I therefore believe that there must be a deterrent to prevent such behaviour from occurring. Giving the OFT the power to impose a civil penalty for unsatisfactory conduct, as specified in the amendment, would plug that loophole. I accept that the amendment might not be sufficiently detailed to be added to the Bill, but it is intended to be probing so as to give the Minister the opportunity to respond to what we believe to be a loophole—the lack of deterrent against any bad practice before the OFT serves a requirement.

The Parliamentary Under-Secretary of State for Trade and Industry (Mr. Gerry Sutcliffe"8,1>): I welcome you to the Committee's proceedings, Mr. Taylor, at the appropriate time of 4.30 pm. I believe you were here at 4 o'clock, alongside other members of the Committee, in anticipation of an exciting, challenging and forward-looking debate.
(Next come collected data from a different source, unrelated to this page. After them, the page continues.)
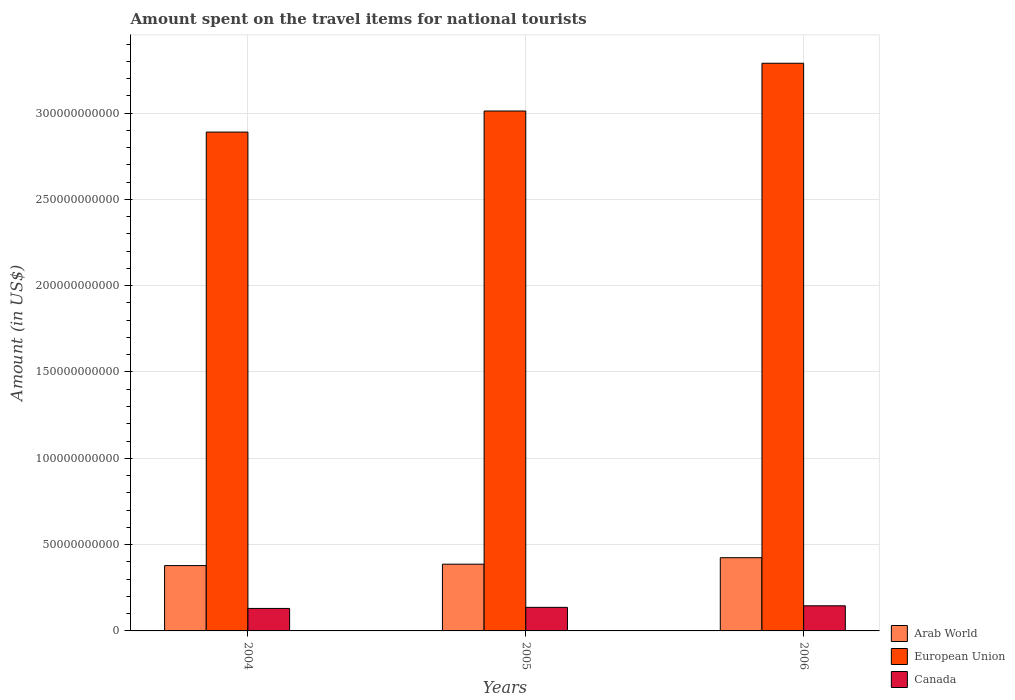How many groups of bars are there?
Provide a succinct answer. 3. Are the number of bars on each tick of the X-axis equal?
Make the answer very short. Yes. What is the amount spent on the travel items for national tourists in European Union in 2006?
Your answer should be very brief. 3.29e+11. Across all years, what is the maximum amount spent on the travel items for national tourists in Arab World?
Make the answer very short. 4.24e+1. Across all years, what is the minimum amount spent on the travel items for national tourists in Canada?
Provide a succinct answer. 1.30e+1. What is the total amount spent on the travel items for national tourists in Canada in the graph?
Provide a succinct answer. 4.12e+1. What is the difference between the amount spent on the travel items for national tourists in Arab World in 2004 and that in 2006?
Make the answer very short. -4.57e+09. What is the difference between the amount spent on the travel items for national tourists in European Union in 2006 and the amount spent on the travel items for national tourists in Arab World in 2004?
Your response must be concise. 2.91e+11. What is the average amount spent on the travel items for national tourists in Canada per year?
Give a very brief answer. 1.37e+1. In the year 2005, what is the difference between the amount spent on the travel items for national tourists in European Union and amount spent on the travel items for national tourists in Canada?
Give a very brief answer. 2.88e+11. What is the ratio of the amount spent on the travel items for national tourists in European Union in 2004 to that in 2005?
Ensure brevity in your answer.  0.96. Is the amount spent on the travel items for national tourists in European Union in 2004 less than that in 2006?
Ensure brevity in your answer.  Yes. Is the difference between the amount spent on the travel items for national tourists in European Union in 2005 and 2006 greater than the difference between the amount spent on the travel items for national tourists in Canada in 2005 and 2006?
Ensure brevity in your answer.  No. What is the difference between the highest and the second highest amount spent on the travel items for national tourists in Arab World?
Offer a terse response. 3.76e+09. What is the difference between the highest and the lowest amount spent on the travel items for national tourists in European Union?
Your answer should be very brief. 3.99e+1. In how many years, is the amount spent on the travel items for national tourists in Arab World greater than the average amount spent on the travel items for national tourists in Arab World taken over all years?
Ensure brevity in your answer.  1. Is the sum of the amount spent on the travel items for national tourists in Canada in 2004 and 2005 greater than the maximum amount spent on the travel items for national tourists in European Union across all years?
Your response must be concise. No. What does the 2nd bar from the left in 2005 represents?
Make the answer very short. European Union. What does the 1st bar from the right in 2004 represents?
Your response must be concise. Canada. How many years are there in the graph?
Provide a short and direct response. 3. Are the values on the major ticks of Y-axis written in scientific E-notation?
Ensure brevity in your answer.  No. Does the graph contain grids?
Keep it short and to the point. Yes. How many legend labels are there?
Keep it short and to the point. 3. What is the title of the graph?
Your response must be concise. Amount spent on the travel items for national tourists. Does "Peru" appear as one of the legend labels in the graph?
Your response must be concise. No. What is the Amount (in US$) of Arab World in 2004?
Offer a very short reply. 3.78e+1. What is the Amount (in US$) in European Union in 2004?
Your response must be concise. 2.89e+11. What is the Amount (in US$) in Canada in 2004?
Offer a terse response. 1.30e+1. What is the Amount (in US$) of Arab World in 2005?
Ensure brevity in your answer.  3.87e+1. What is the Amount (in US$) of European Union in 2005?
Keep it short and to the point. 3.01e+11. What is the Amount (in US$) in Canada in 2005?
Your response must be concise. 1.37e+1. What is the Amount (in US$) in Arab World in 2006?
Your answer should be compact. 4.24e+1. What is the Amount (in US$) of European Union in 2006?
Keep it short and to the point. 3.29e+11. What is the Amount (in US$) in Canada in 2006?
Provide a succinct answer. 1.46e+1. Across all years, what is the maximum Amount (in US$) in Arab World?
Keep it short and to the point. 4.24e+1. Across all years, what is the maximum Amount (in US$) of European Union?
Give a very brief answer. 3.29e+11. Across all years, what is the maximum Amount (in US$) of Canada?
Make the answer very short. 1.46e+1. Across all years, what is the minimum Amount (in US$) of Arab World?
Make the answer very short. 3.78e+1. Across all years, what is the minimum Amount (in US$) of European Union?
Offer a very short reply. 2.89e+11. Across all years, what is the minimum Amount (in US$) in Canada?
Offer a very short reply. 1.30e+1. What is the total Amount (in US$) in Arab World in the graph?
Keep it short and to the point. 1.19e+11. What is the total Amount (in US$) in European Union in the graph?
Ensure brevity in your answer.  9.19e+11. What is the total Amount (in US$) in Canada in the graph?
Ensure brevity in your answer.  4.12e+1. What is the difference between the Amount (in US$) of Arab World in 2004 and that in 2005?
Your response must be concise. -8.15e+08. What is the difference between the Amount (in US$) of European Union in 2004 and that in 2005?
Offer a terse response. -1.22e+1. What is the difference between the Amount (in US$) of Canada in 2004 and that in 2005?
Make the answer very short. -6.22e+08. What is the difference between the Amount (in US$) in Arab World in 2004 and that in 2006?
Provide a short and direct response. -4.57e+09. What is the difference between the Amount (in US$) in European Union in 2004 and that in 2006?
Make the answer very short. -3.99e+1. What is the difference between the Amount (in US$) in Canada in 2004 and that in 2006?
Make the answer very short. -1.53e+09. What is the difference between the Amount (in US$) in Arab World in 2005 and that in 2006?
Offer a very short reply. -3.76e+09. What is the difference between the Amount (in US$) of European Union in 2005 and that in 2006?
Offer a terse response. -2.77e+1. What is the difference between the Amount (in US$) of Canada in 2005 and that in 2006?
Provide a succinct answer. -9.05e+08. What is the difference between the Amount (in US$) in Arab World in 2004 and the Amount (in US$) in European Union in 2005?
Offer a terse response. -2.63e+11. What is the difference between the Amount (in US$) of Arab World in 2004 and the Amount (in US$) of Canada in 2005?
Offer a terse response. 2.42e+1. What is the difference between the Amount (in US$) of European Union in 2004 and the Amount (in US$) of Canada in 2005?
Give a very brief answer. 2.75e+11. What is the difference between the Amount (in US$) of Arab World in 2004 and the Amount (in US$) of European Union in 2006?
Give a very brief answer. -2.91e+11. What is the difference between the Amount (in US$) of Arab World in 2004 and the Amount (in US$) of Canada in 2006?
Offer a terse response. 2.33e+1. What is the difference between the Amount (in US$) in European Union in 2004 and the Amount (in US$) in Canada in 2006?
Ensure brevity in your answer.  2.74e+11. What is the difference between the Amount (in US$) in Arab World in 2005 and the Amount (in US$) in European Union in 2006?
Ensure brevity in your answer.  -2.90e+11. What is the difference between the Amount (in US$) of Arab World in 2005 and the Amount (in US$) of Canada in 2006?
Keep it short and to the point. 2.41e+1. What is the difference between the Amount (in US$) in European Union in 2005 and the Amount (in US$) in Canada in 2006?
Ensure brevity in your answer.  2.87e+11. What is the average Amount (in US$) of Arab World per year?
Your answer should be very brief. 3.96e+1. What is the average Amount (in US$) in European Union per year?
Your answer should be very brief. 3.06e+11. What is the average Amount (in US$) in Canada per year?
Provide a short and direct response. 1.37e+1. In the year 2004, what is the difference between the Amount (in US$) in Arab World and Amount (in US$) in European Union?
Your answer should be very brief. -2.51e+11. In the year 2004, what is the difference between the Amount (in US$) in Arab World and Amount (in US$) in Canada?
Keep it short and to the point. 2.48e+1. In the year 2004, what is the difference between the Amount (in US$) of European Union and Amount (in US$) of Canada?
Ensure brevity in your answer.  2.76e+11. In the year 2005, what is the difference between the Amount (in US$) in Arab World and Amount (in US$) in European Union?
Provide a short and direct response. -2.63e+11. In the year 2005, what is the difference between the Amount (in US$) in Arab World and Amount (in US$) in Canada?
Your answer should be very brief. 2.50e+1. In the year 2005, what is the difference between the Amount (in US$) of European Union and Amount (in US$) of Canada?
Ensure brevity in your answer.  2.88e+11. In the year 2006, what is the difference between the Amount (in US$) of Arab World and Amount (in US$) of European Union?
Provide a succinct answer. -2.86e+11. In the year 2006, what is the difference between the Amount (in US$) in Arab World and Amount (in US$) in Canada?
Keep it short and to the point. 2.79e+1. In the year 2006, what is the difference between the Amount (in US$) in European Union and Amount (in US$) in Canada?
Offer a very short reply. 3.14e+11. What is the ratio of the Amount (in US$) of Arab World in 2004 to that in 2005?
Make the answer very short. 0.98. What is the ratio of the Amount (in US$) in European Union in 2004 to that in 2005?
Ensure brevity in your answer.  0.96. What is the ratio of the Amount (in US$) of Canada in 2004 to that in 2005?
Your answer should be compact. 0.95. What is the ratio of the Amount (in US$) of Arab World in 2004 to that in 2006?
Make the answer very short. 0.89. What is the ratio of the Amount (in US$) in European Union in 2004 to that in 2006?
Provide a short and direct response. 0.88. What is the ratio of the Amount (in US$) in Canada in 2004 to that in 2006?
Provide a short and direct response. 0.9. What is the ratio of the Amount (in US$) of Arab World in 2005 to that in 2006?
Offer a very short reply. 0.91. What is the ratio of the Amount (in US$) in European Union in 2005 to that in 2006?
Your answer should be compact. 0.92. What is the ratio of the Amount (in US$) in Canada in 2005 to that in 2006?
Provide a succinct answer. 0.94. What is the difference between the highest and the second highest Amount (in US$) in Arab World?
Keep it short and to the point. 3.76e+09. What is the difference between the highest and the second highest Amount (in US$) in European Union?
Provide a succinct answer. 2.77e+1. What is the difference between the highest and the second highest Amount (in US$) of Canada?
Provide a short and direct response. 9.05e+08. What is the difference between the highest and the lowest Amount (in US$) in Arab World?
Provide a short and direct response. 4.57e+09. What is the difference between the highest and the lowest Amount (in US$) of European Union?
Offer a terse response. 3.99e+1. What is the difference between the highest and the lowest Amount (in US$) in Canada?
Ensure brevity in your answer.  1.53e+09. 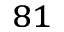<formula> <loc_0><loc_0><loc_500><loc_500>^ { 8 1 }</formula> 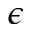<formula> <loc_0><loc_0><loc_500><loc_500>\epsilon</formula> 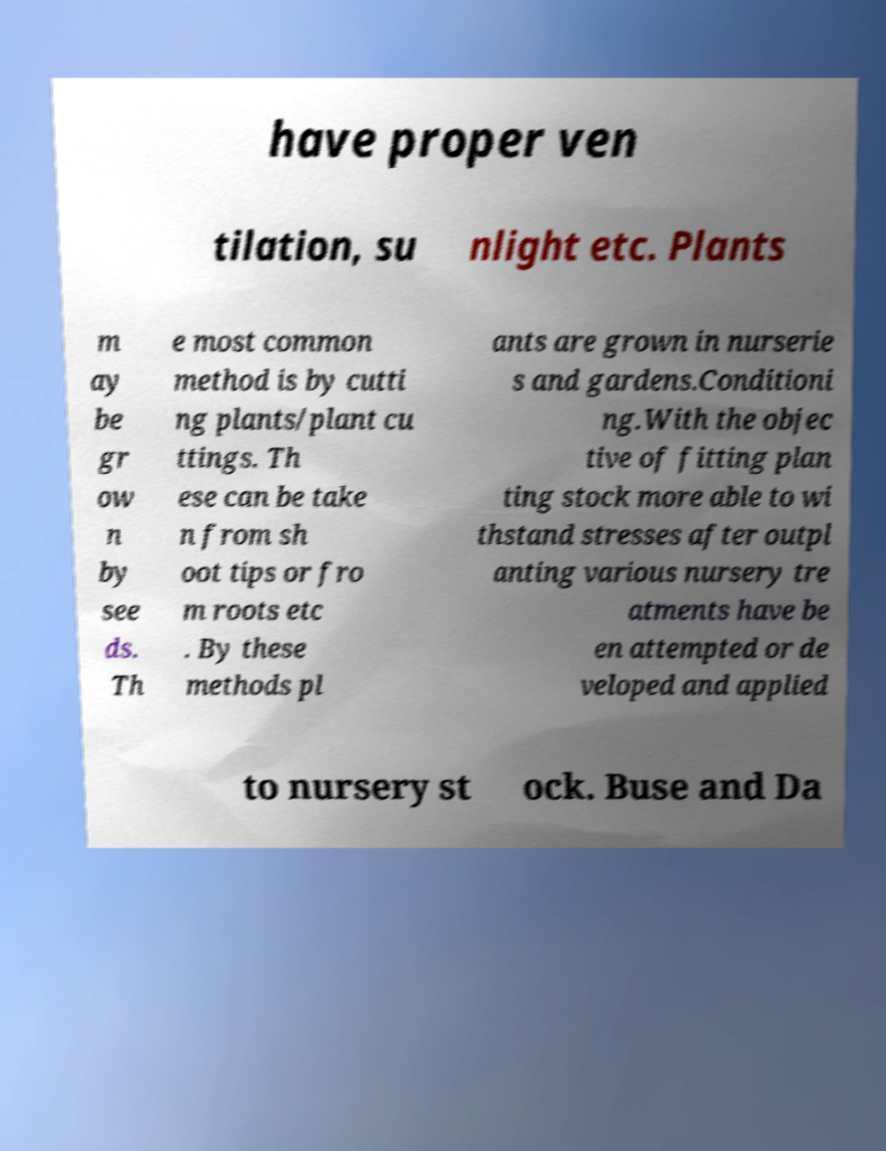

I also welcome the hon. Member for Argyll and Bute (Mr. Reid) to the Committee, and am grateful for the spirit in which he moved the amendment. I hope to point it out to him that the amendment is not necessary, although I understand its probing nature. He is right that the clause is designed to allow the OFT to impose penalties if licence holders do not comply with a requirement placed on them by the OFT. Clause 38 introduces requirements to give the OFT the ability to deal with practices that cause consumer detriment but are not serious enough to mean that a licence will be revoked. The requirement must relate to the licensable business. It must also address the matter with which the OFT is dissatisfied, or it must ensure that the problem, or a similar problem, does not arise again. The OFT can impose a requirement on licensees when it is dissatisfied with their conduct.

Requirements are a targeted and proportionate tool for dealing with problems. The amendment would allow the OFT to impose a financial penalty when dissatisfied with a licensee's conduct, without having first to impose a requirement to try to sort out the problem. We do not consider that a proportionate response and feel that it would be less likely to have the desired effect of improving the licence holder's performance.

The OFT can issue a stop now notice under the Enterprise Act 2002 if the conduct is bad enough, which covers the point raised by the hon. Gentleman. The OFT may also revoke or suspend a licence if consumers are seriously at risk. We believe that the OFT has enough power to deal with ongoing situations, and it has the power to revoke licences if necessary.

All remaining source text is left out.